Her weakness: she started slow. Krishnamoorthi built a double-digit lead in early polls because he was spending while she was still organizing. She's closed the gap, but closing gaps and winning are two different things.

Robin Kelly is at 2% on Kalshi and roughly 13% in polls. She's a congresswoman backed by the Congressional Black Caucus, but she hasn't been able to break through the Stratton-Krishnamoorthi spending war. Her campaign argues she's the "real progressive" in the race. The prediction market disagrees.

-- WHY THIS PRIMARY MATTERS WAY BEYOND ILLINOIS

"It's a deep blue state. A Democrat is going to win either way. Why does the primary matter?"

Two reasons.

1. It's a test of whether money or momentum wins.

Krishnamoorthi has outspent everyone in this race by a mile. $30 million raised. First to air TV ads. Built an early lead. If he wins, it validates the "spend early and dominate" playbook that political operatives love.

Stratton started behind and closed the gap late, backed by a billionaire governor and a surging narrative. If she wins, it validates the "build momentum into Election Day" approach — and it tells you something about Pritzker's political clout heading into his own potential 2028 presidential run.

Either outcome sends signals that operatives in every 2026 race will be watching.

2. The winner shapes the Senate math.

Kalshi's overall Senate control market has Democrats at 51% and Republicans at 49%. Democrats need a net gain of four seats. They can't afford to nominate a weak general election candidate anywhere, even in blue Illinois.

Both Stratton and Krishnamoorthi would be favored in November. But the margin matters. A strong nominee who wins by 20+ points lets Democrats redirect money to real battlegrounds like Maine, North Carolina, and Alaska. A closer-than-expected general wastes resources in a state they should lock up early.

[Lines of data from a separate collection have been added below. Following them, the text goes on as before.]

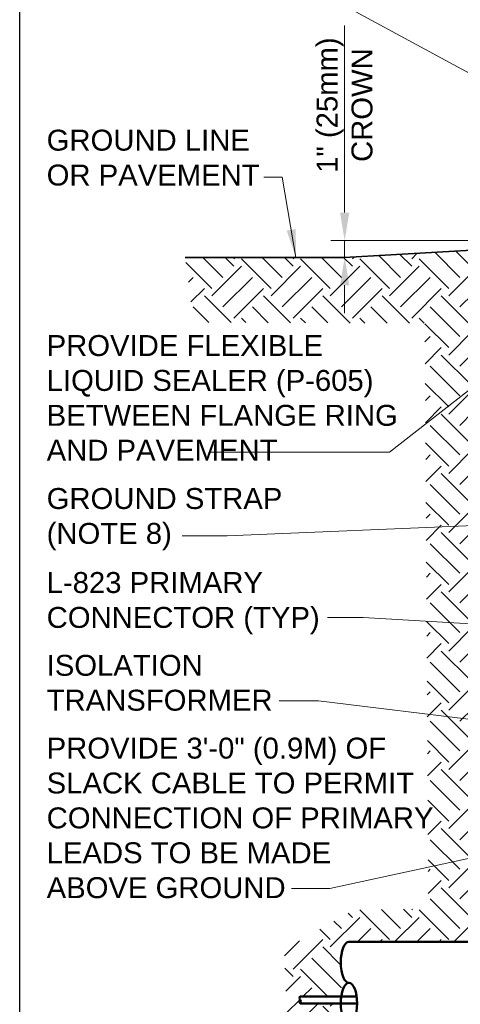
# Model space of a CAD drawing. Header units: inches. Extents: x 0 to 21.3, y 0 to 11.
# Tile 2 of 7: x 0 to 2, y 4.1 to 8.5. Entities that reach past the tile are written whole.
import ezdxf

# ---------------------------------------------------------------- set-up
doc = ezdxf.new("R2010")
doc.units = ezdxf.units.IN
doc.header["$LTSCALE"] = 0.5
doc.header["$MEASUREMENT"] = 0
doc.header["$PDSIZE"] = 2
doc.layers.get('0').update_dxf_attribs({"linetype": 'CONTINUOUS', "lineweight": 35})
doc.layers.get('DEFPOINTS').update_dxf_attribs({"linetype": 'CONTINUOUS', "lineweight": 35})
for name, color, linetype, lineweight in [('C-RUNW-SHLD', 6, 'CONTINUOUS', 35), ('E-AFLD-CIRC-SERS', 203, 'CONTINUOUS', 50), ('E-POWR-CNDT', 83, 'CONTINUOUS', 50), ('G-ANNO-PATT', 8, 'CONTINUOUS', 18)]:
    doc.layers.add(name, color=color, linetype=linetype, lineweight=lineweight)
for name, color, linetype in [('G-ANNO-DIMS', 7, 'CONTINUOUS'), ('G-ANNO-TEXT', 7, 'CONTINUOUS'), ('G-ANNO-TTLB', 7, 'CONTINUOUS')]:
    doc.layers.add(name, color=color, linetype=linetype)
doc.styles.add('01-E-BLDG-1_1', font='arial.ttf', dxfattribs={"height": 0.09375})
doc.dimstyles.new('01-E-BLDG-1_1', dxfattribs={"dimtxt": 0.09375, "dimasz": 0.125, "dimexe": 0.0625, "dimexo": 0.0625, "dimgap": 0.0625, "dimtad": 1, "dimdec": 4, "dimzin": 3, "dimdsep": 46, "dimlunit": 4, "dimtxsty": '01-E-BLDG-1_1', "dimcen": 0.0625, "dimclrd": 1, "dimclre": 1, "dimclrt": 256, "dimazin": 0, "dimtfac": 1, "dimtdec": 4, "dimtmove": 1, "dimatfit": 3, "dimfxl": 1, "dimfrac": 2, "dimtolj": 1, "dimtzin": 3, "dimlwd": 0, "dimlwe": 0, "dimarcsym": 0})

# ---------------------------------------------------------------- blocks, each defined once
blk = doc.blocks.new('*D13')
at = {"layer": 'DEFPOINTS', "color": 0, "transparency": 16777216}
for p in [(1.454512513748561, 7.507724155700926), (2.808026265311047, 7.507724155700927), (1.454512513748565, 7.431997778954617)]:
    blk.add_point(p, dxfattribs=at)
at = {"layer": 'G-ANNO-DIMS', "color": 1, "lineweight": 0, "transparency": 16777216}
for p, q in [((1.454512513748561, 7.632724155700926), (1.454512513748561, 8.470548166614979)), ((2.745526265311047, 7.507724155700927), (1.392012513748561, 7.507724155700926)), ((1.454512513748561, 7.431997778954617), (1.454512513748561, 7.507724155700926)), ((1.454512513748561, 7.306997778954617), (1.454512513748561, 7.181997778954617))]:
    blk.add_line(p, q, dxfattribs=at)
at = {"layer": 'G-ANNO-DIMS', "color": 1, "transparency": 16777216}
for points in [[(1.433679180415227, 7.632724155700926), (1.475345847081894, 7.632724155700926), (1.454512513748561, 7.507724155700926)], [(1.433679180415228, 7.306997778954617), (1.475345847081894, 7.306997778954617), (1.454512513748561, 7.431997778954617)]]:
    blk.add_solid(points, dxfattribs=at)
at = {"layer": 'G-ANNO-DIMS', "transparency": 16777216, "insert": (1.454512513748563, 8.114136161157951), "char_height": 0.09375, "width": 1.233074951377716, "attachment_point": 5, "rotation": 90, "style": '01-E-BLDG-1_1'}
blk.add_mtext('\\A1;1" (25mm)\\PCROWN', dxfattribs=at)
blk = doc.blocks.new('G-DBRK')
at = {"color": 0, "linetype": 'ByBlock', "lineweight": -2}
blk.add_ellipse((-1.224606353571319e-17, -0.2500000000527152), major_axis=(0, -0.2500000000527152), ratio=0.3999999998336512, dxfattribs=at)
blk.add_ellipse((-1.224606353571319e-17, -0.7499999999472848), major_axis=(0, -0.2500000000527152), ratio=0.3999999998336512, start_param=0, end_param=3.141592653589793, dxfattribs=at)

msp = doc.modelspace()

# ---------------------------------------------------------------- hatches: boundary and pattern name
at = {"layer": 'G-ANNO-PATT'}
h = msp.add_hatch(dxfattribs=at)
h.set_pattern_fill('EARTH', color=256, scale=0.75, angle=45, style=0)
h.set_pattern_definition([(45, (-0.3669173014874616, -0.264551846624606), (2.775557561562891e-17, 0.2651650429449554), [0.1875, -0.1875]), (45, (-0.416635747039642, -0.2148334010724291), (2.775557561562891e-17, 0.2651650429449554), [0.1875, -0.1875]), (45, (-0.4663541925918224, -0.1651149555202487), (2.775557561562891e-17, 0.2651650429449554), [0.1875, -0.1875]), (135, (-0.4663541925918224, -0.1319693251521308), (-0.2651650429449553, 5.551115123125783e-17), [0.1875, -0.1875]), (135, (-0.416635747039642, -0.08225087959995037), (-0.2651650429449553, 5.551115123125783e-17), [0.1875, -0.1875]), (135, (-0.3669173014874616, -0.03253243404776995), (-0.2651650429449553, 5.551115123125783e-17), [0.1875, -0.1875])])
edge = h.paths.add_edge_path()
edge.add_arc((4.308010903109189, 2.966590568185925), 0.6718785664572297, 175.6794850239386, 225.7288096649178, ccw=False)
edge.add_line((3.638041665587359, 3.017207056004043), (2.028013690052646, 3.016762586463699))
edge.add_line((2.028013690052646, 3.016762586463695), (2.028013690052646, 3.998251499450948))
edge.add_line((2.028013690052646, 3.998251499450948), (1.473564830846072, 3.998251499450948))
edge.add_arc((1.557796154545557, 4.089992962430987), 0.1245448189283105, 179.8682306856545, 227.4437774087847, ccw=False)
edge.add_line((1.433251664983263, 4.090279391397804), (1.255370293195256, 4.090279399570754))
edge.add_arc((1.26423461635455, 4.098781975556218), 0.01228291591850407, 145.4488055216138, 223.806719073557, ccw=False)
edge.add_arc((1.264234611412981, 4.112714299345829), 0.01228291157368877, 136.1931815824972, 214.5512056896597, ccw=False)
edge.add_line((1.255370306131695, 4.12121688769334), (1.437228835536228, 4.12121688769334))
edge.add_arc((1.557796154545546, 4.089992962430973), 0.1245448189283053, 132.4142184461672, 165.4808053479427, ccw=False)
edge.add_arc((1.557796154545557, 4.273892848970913), 0.1245448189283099, 132.5562225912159, 227.5857815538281, ccw=False)
edge.add_line((1.473564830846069, 4.365634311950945), (2.028013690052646, 4.365634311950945))
edge.add_line((2.028013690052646, 4.365634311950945), (2.028013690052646, 6.194497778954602))
edge.add_line((2.028013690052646, 6.194497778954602), (2.029184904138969, 7.462225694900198))
edge.add_line((2.029184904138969, 7.462225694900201), (1.454512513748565, 7.431997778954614))
edge.add_line((1.454512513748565, 7.431997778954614), (0.7405094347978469, 7.431997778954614))
edge.add_line((0.7405094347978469, 7.431997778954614), (0.778771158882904, 7.140394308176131))
edge.add_line((0.778771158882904, 7.140394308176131), (1.813546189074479, 7.136950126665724))
edge.add_line((1.813546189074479, 7.13695012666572), (1.829128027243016, 4.51365371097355))
edge.add_line((1.829128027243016, 4.513653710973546), (1.495270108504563, 4.508919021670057))
edge.add_line((1.495270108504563, 4.508919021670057), (1.183257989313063, 4.331837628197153))
edge.add_line((1.183257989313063, 4.331837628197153), (1.201419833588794, 3.918374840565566))
edge.add_line((1.201419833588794, 3.918374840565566), (1.856457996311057, 3.848137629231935))
edge.add_line((1.856457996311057, 3.848137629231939), (1.953502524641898, 2.64864266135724))
edge.add_line((1.953502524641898, 2.64864266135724), (2.030035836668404, 2.573464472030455))
edge.add_line((2.030035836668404, 2.573464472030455), (3.8390024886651, 2.485496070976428))

# ---------------------------------------------------------------- linework, layer by layer
at = {"layer": 'C-RUNW-SHLD'}
for q in [(2.808026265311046, 7.507724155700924), (0.7405094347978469, 7.431997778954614)]:
    msp.add_line((1.454512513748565, 7.431997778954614), q, dxfattribs=at)
at = {"layer": 'E-AFLD-CIRC-SERS'}
msp.add_line((1.508130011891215, 4.12121688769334), (1.255370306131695, 4.12121688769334), dxfattribs=at)
msp.add_lwpolyline([(1.255370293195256, 4.09027939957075), (1.51030303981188, 4.090279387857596)], dxfattribs=at)
at = {"layer": 'E-POWR-CNDT'}
msp.add_line((1.473564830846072, 4.365634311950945), (2.69362598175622, 4.365634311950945), dxfattribs=at)
at = {"layer": 'G-ANNO-TTLB'}
msp.add_lwpolyline([(0, 11), (8.5, 11), (8.5, 0), (0, 0)], close=True, dxfattribs=at)

# ---------------------------------------------------------------- block references
at = {"layer": 'E-AFLD-CIRC-SERS', "xscale": 0.03093748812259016, "yscale": 0.03093748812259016, "zscale": 0.03093748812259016, "rotation": 180}
msp.add_blockref('G-DBRK', (1.255370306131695, 4.09027939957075), dxfattribs=at)
at = {"layer": 'E-POWR-CNDT', "xscale": 0.3673828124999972, "yscale": 0.3673828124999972, "zscale": 0.3673828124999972, "rotation": 180}
msp.add_blockref('G-DBRK', (1.473564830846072, 3.998251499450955), dxfattribs=at)

# ---------------------------------------------------------------- texts
at = {"layer": 'G-ANNO-TEXT', "char_height": 0.09375, "attachment_point": 1, "rotation": 359.99999999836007, "style": '01-E-BLDG-1_1'}
for s, insert, width in [('\\A1;GROUND LINE OR PAVEMENT', (0.1206750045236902, 8.00402624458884), 0.962751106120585), ('\\A1;PROVIDE FLEXIBLE LIQUID SEALER (P-605) BETWEEN FLANGE RING AND PAVEMENT', (0.1206750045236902, 7.083963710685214), 1.699172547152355), ('\\A1;GROUND STRAP (NOTE 8)', (0.1206750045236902, 6.39871893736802), 1.392477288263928), ('\\A1;L-823 PRIMARY CONNECTOR (TYP)', (0.1206750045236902, 6.022390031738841), 1.816005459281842), ('ISOLATION TRANSFORMER', (0.1206750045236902, 5.651517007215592), 0.8958036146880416), ('\\A1;PROVIDE 3\'-0" (0.9M) OF SLACK CABLE TO PERMIT CONNECTION OF PRIMARY LEADS TO BE MADE ABOVE GROUND', (0.1206750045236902, 5.280608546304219), 1.742026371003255)]:
    msp.add_mtext(s, dxfattribs=dict(at, insert=insert, width=width))

# ---------------------------------------------------------------- dimensions: what is measured, and where the dimension line sits
at = {"layer": 'G-ANNO-DIMS'}
dim = msp.add_linear_dim(base=(1.454512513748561, 7.507724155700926), p1=(1.454512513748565, 7.431997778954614), p2=(2.808026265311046, 7.507724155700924), angle=90, text='1" (25mm)\\XCROWN', dimstyle='01-E-BLDG-1_1', override={"dimse1": 1, "dimtmove": 0}, dxfattribs=at)
dim.commit()
dim.dimension.update_dxf_attribs({"geometry": '*D13', "text_midpoint": (1.454512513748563, 8.114136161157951), "dimtype": 160})

# ---------------------------------------------------------------- leaders
at = {"layer": 'G-ANNO-TEXT'}
for points in [[(2.912353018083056, 8.173133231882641), (1.903369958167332, 9.01425779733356), (1.740204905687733, 9.01425779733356)], [(2.940491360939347, 7.751672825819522), (1.393548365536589, 8.593537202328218), (1.213297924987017, 8.593537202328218)], [(1.236564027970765, 7.431997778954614), (1.174436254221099, 7.792064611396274), (1.092747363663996, 7.792064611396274)], [(2.808026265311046, 7.46059045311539), (1.65488179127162, 6.559953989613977), (0.8491420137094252, 6.559953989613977)], [(3.008364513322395, 6.273547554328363), (0.9288292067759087, 6.184052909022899), (0.726668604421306, 6.184052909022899)], [(3.396510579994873, 5.192734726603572), (1.337759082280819, 5.44586665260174), (1.161400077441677, 5.44586665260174)]]:
    msp.add_leader(points, dimstyle='01-E-BLDG-1_1', dxfattribs=at)
for points in [[(3.054563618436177, 5.728063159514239), (1.537131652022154, 5.818557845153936), (1.377200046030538, 5.818557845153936)], [(3.151872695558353, 4.987220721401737), (1.387674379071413, 4.604333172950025), (1.216669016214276, 4.604333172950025)]]:
    msp.add_leader(points, dimstyle='01-E-BLDG-1_1', override={"dimgap": 0.0625, "dimtad": 0}, dxfattribs=at)

doc.saveas('drawing.dxf')

And don't sleep on the downstream effects. Krishnamoorthi and Kelly are both giving up their House seats to run. That means two open congressional races in Illinois on the same ballot in November. Those seats feed into the House math, where Democrats are currently at 84% to take control on Kalshi.

The takeaway:

This is the closest major primary in the country, and it's tomorrow. A 30-million-dollar war chest vs. a billionaire governor's backing. The prediction market is at 51/51. The polls are contradictory. A third of likely voters were still undecided as recently as two weeks ago.

Tomorrow night is going to be a long one in Chicago. The Kalshi lines will probably move all day as early voting numbers trickle in. If you're trading this market, the play isn't predicting the winner, it's watching for the moment one line starts pulling away from the other and reacting fast.

Or you can just watch the results come in like a normal person. That works too.